There are several storage tubs currently sitting under my bed. They hold things of mine: gloves, an extra hat, shoes, summer clothes neatly folded and laundered.

We tend to associate storage with organization, or unneeded items, or solved predicaments. Our closets hold possessions that are not necessary for regular use, or perhaps they keep hidden things that shouldn’t be seen by visitors in our lives.

Each one of us has a heart closet. In his great redemptive work of love, Jesus cleans out our souls with his blood and enters inside. He takes up residence (Eph 3:17-19), and as we grow up spiritually, he travels further, requesting access into more and more chambers of our closets.
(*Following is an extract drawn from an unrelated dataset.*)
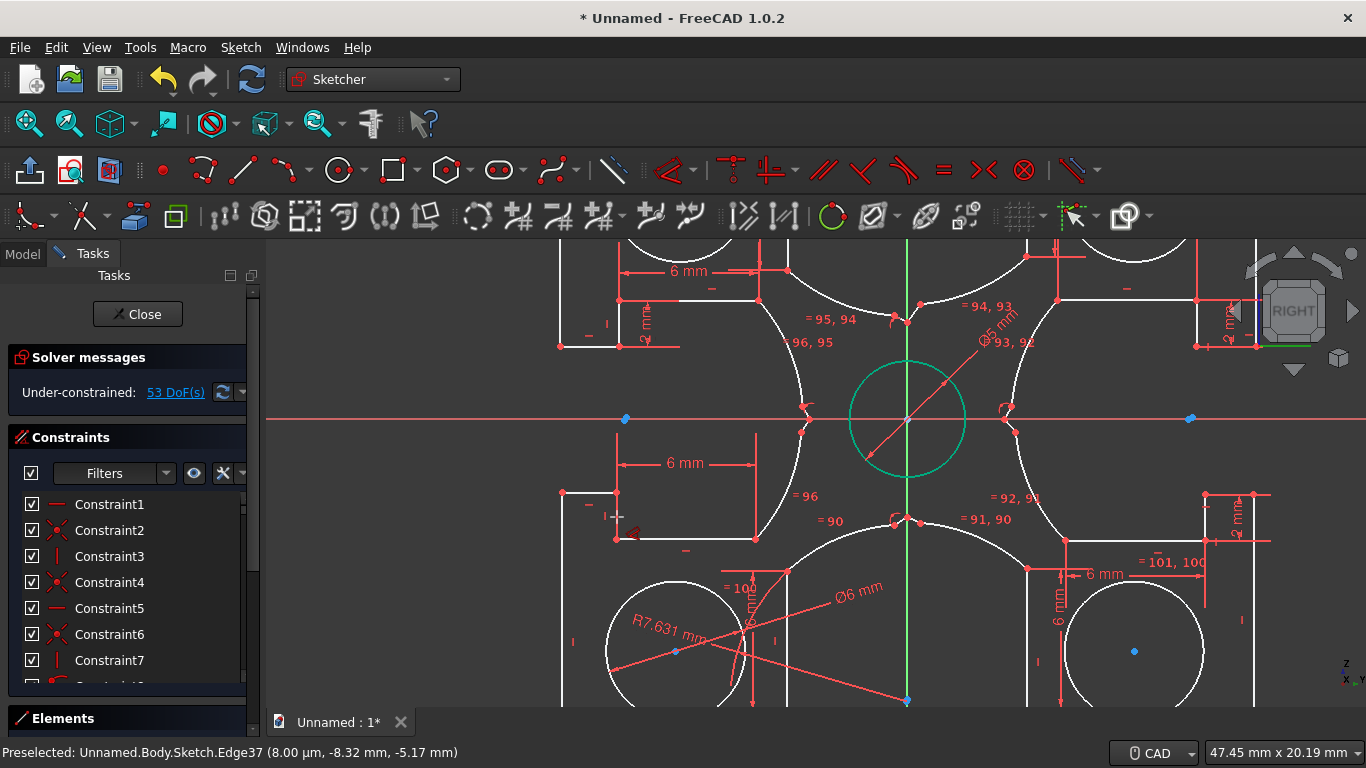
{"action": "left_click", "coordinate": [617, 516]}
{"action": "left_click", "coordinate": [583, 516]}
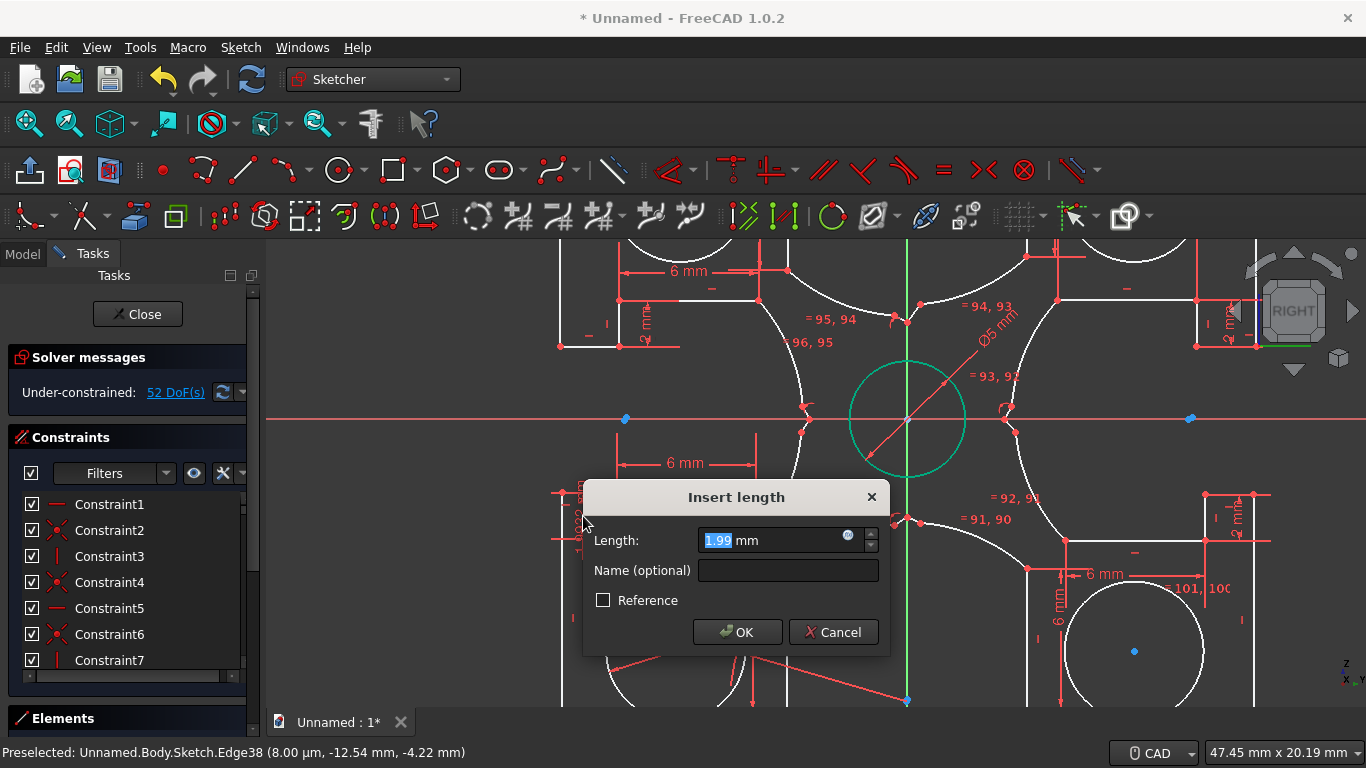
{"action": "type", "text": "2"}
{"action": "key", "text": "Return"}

Sometimes, though, there are scars. We make mistakes that leave deep wounds. We run to disobedience, lusting after idols and sin. We bury a hatchet instead of dealing with it. We overlook our offenses against others. In our pride, we sometimes assume a resolution out of fear of conflict and run past the root.

How does the Christian navigate the renting of our spiritual heart tissue? Romans 7:15-20: Paul testifies to this battle, this war of sin and healing, fleshly law and saving grace. We cannot heal on our own. The Divine Surgeon works in our intricacies, but only if we do not stay his hand. It hurts, you see, to undo stitches and apply hydrogen peroxide. It’s painful and tear-staining to let our Father remove splinters from our hands after we’ve disobeyed his command not to run them along the fence.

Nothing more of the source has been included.